## Your assignment
Each line from the one holding "Now the forklift (1100,68,1201,156)." through the final line of the data below is to be given again exactly, and no other line is to appear.

## Data for the task
((
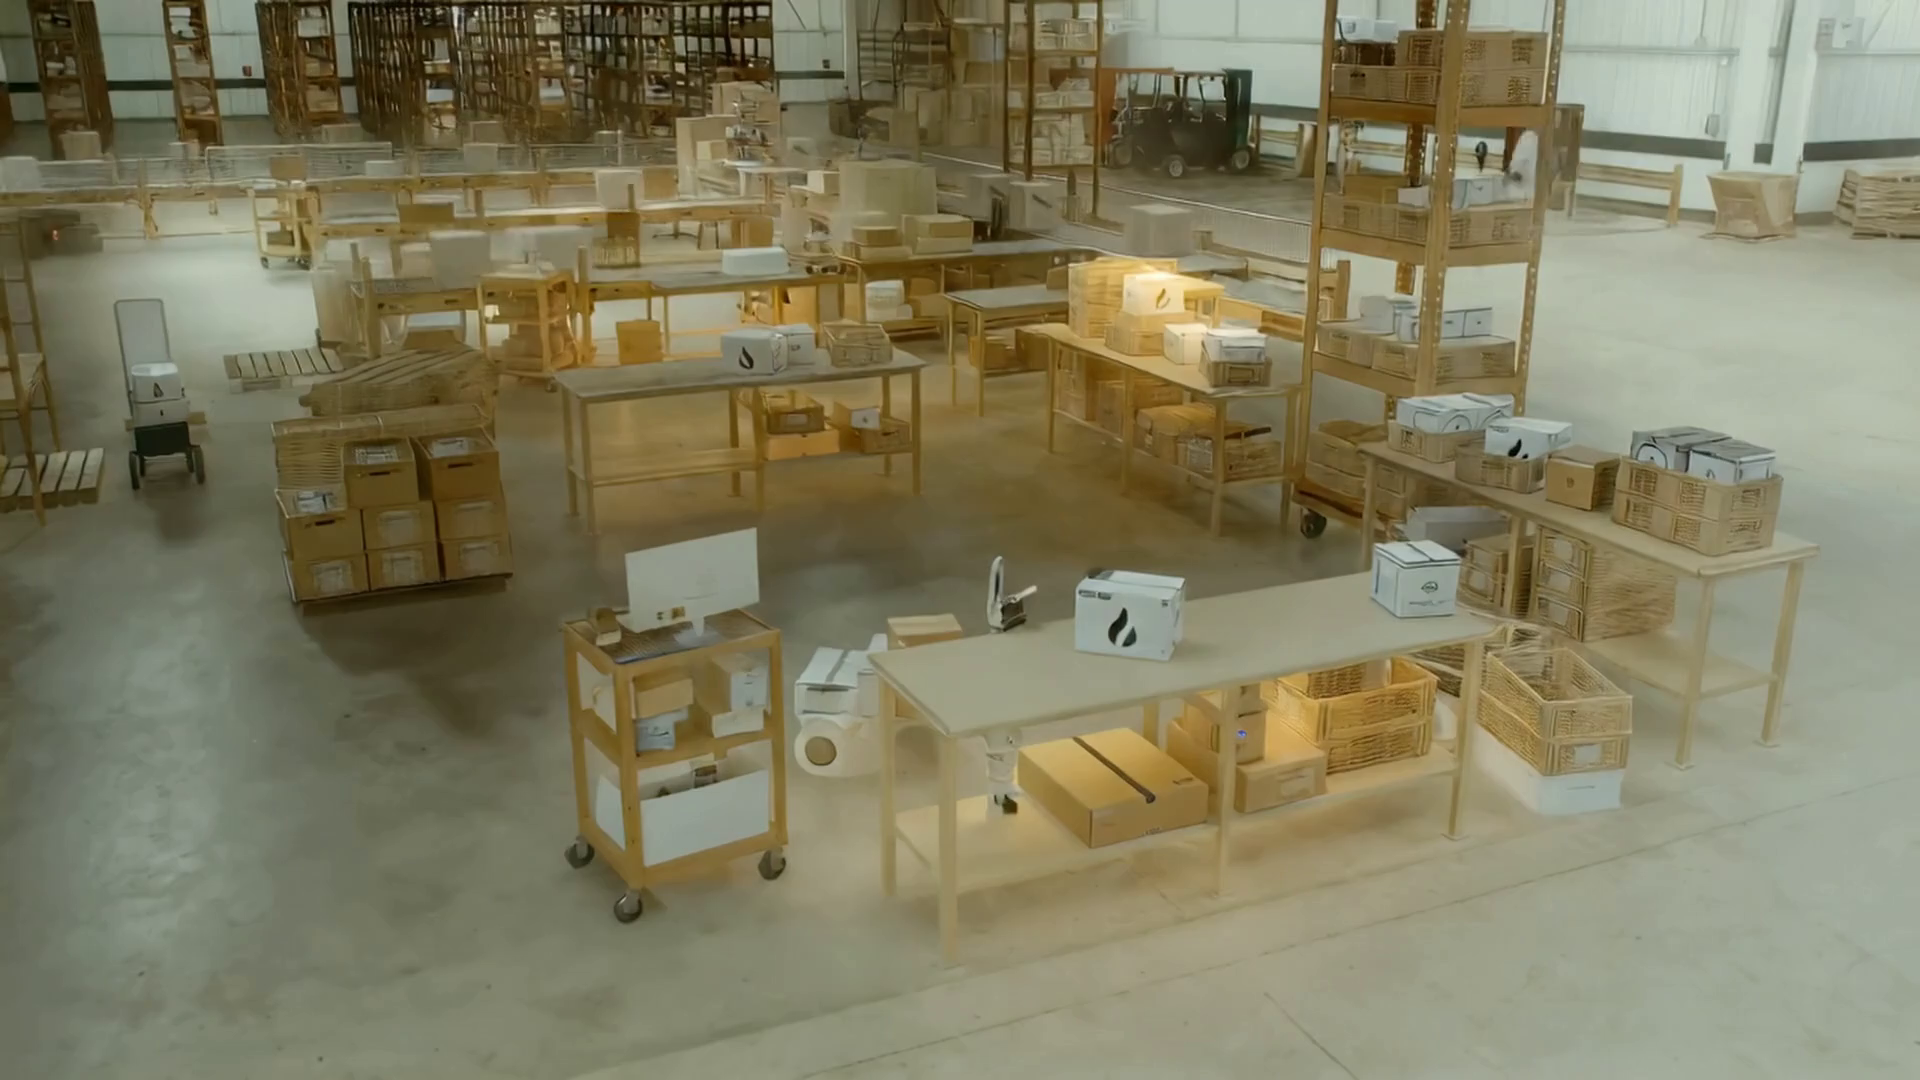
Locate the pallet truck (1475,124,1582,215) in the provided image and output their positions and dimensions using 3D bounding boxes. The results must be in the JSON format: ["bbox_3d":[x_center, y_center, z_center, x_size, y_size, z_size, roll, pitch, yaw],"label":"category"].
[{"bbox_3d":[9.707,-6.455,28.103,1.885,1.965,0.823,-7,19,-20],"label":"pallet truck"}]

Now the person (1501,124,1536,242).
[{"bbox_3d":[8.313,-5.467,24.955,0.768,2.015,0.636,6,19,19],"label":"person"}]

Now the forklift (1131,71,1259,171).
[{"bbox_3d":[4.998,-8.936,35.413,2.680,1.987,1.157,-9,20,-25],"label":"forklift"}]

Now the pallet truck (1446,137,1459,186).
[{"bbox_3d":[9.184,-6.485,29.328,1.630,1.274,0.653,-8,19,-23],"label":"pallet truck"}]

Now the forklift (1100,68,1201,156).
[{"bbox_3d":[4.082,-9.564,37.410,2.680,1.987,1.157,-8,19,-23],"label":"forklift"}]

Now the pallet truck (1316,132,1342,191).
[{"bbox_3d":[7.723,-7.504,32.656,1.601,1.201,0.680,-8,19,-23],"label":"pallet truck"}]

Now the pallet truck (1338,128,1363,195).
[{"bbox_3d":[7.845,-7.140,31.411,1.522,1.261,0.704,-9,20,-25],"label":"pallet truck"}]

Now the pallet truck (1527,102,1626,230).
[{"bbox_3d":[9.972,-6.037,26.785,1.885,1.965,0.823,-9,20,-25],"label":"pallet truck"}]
))
## Response
Now the forklift (1100,68,1201,156).
[{"bbox_3d":[4.082,-9.564,37.410,2.680,1.987,1.157,-8,19,-23],"label":"forklift"}]

Now the pallet truck (1316,132,1342,191).
[{"bbox_3d":[7.723,-7.504,32.656,1.601,1.201,0.680,-8,19,-23],"label":"pallet truck"}]

Now the pallet truck (1338,128,1363,195).
[{"bbox_3d":[7.845,-7.140,31.411,1.522,1.261,0.704,-9,20,-25],"label":"pallet truck"}]

Now the pallet truck (1527,102,1626,230).
[{"bbox_3d":[9.972,-6.037,26.785,1.885,1.965,0.823,-9,20,-25],"label":"pallet truck"}]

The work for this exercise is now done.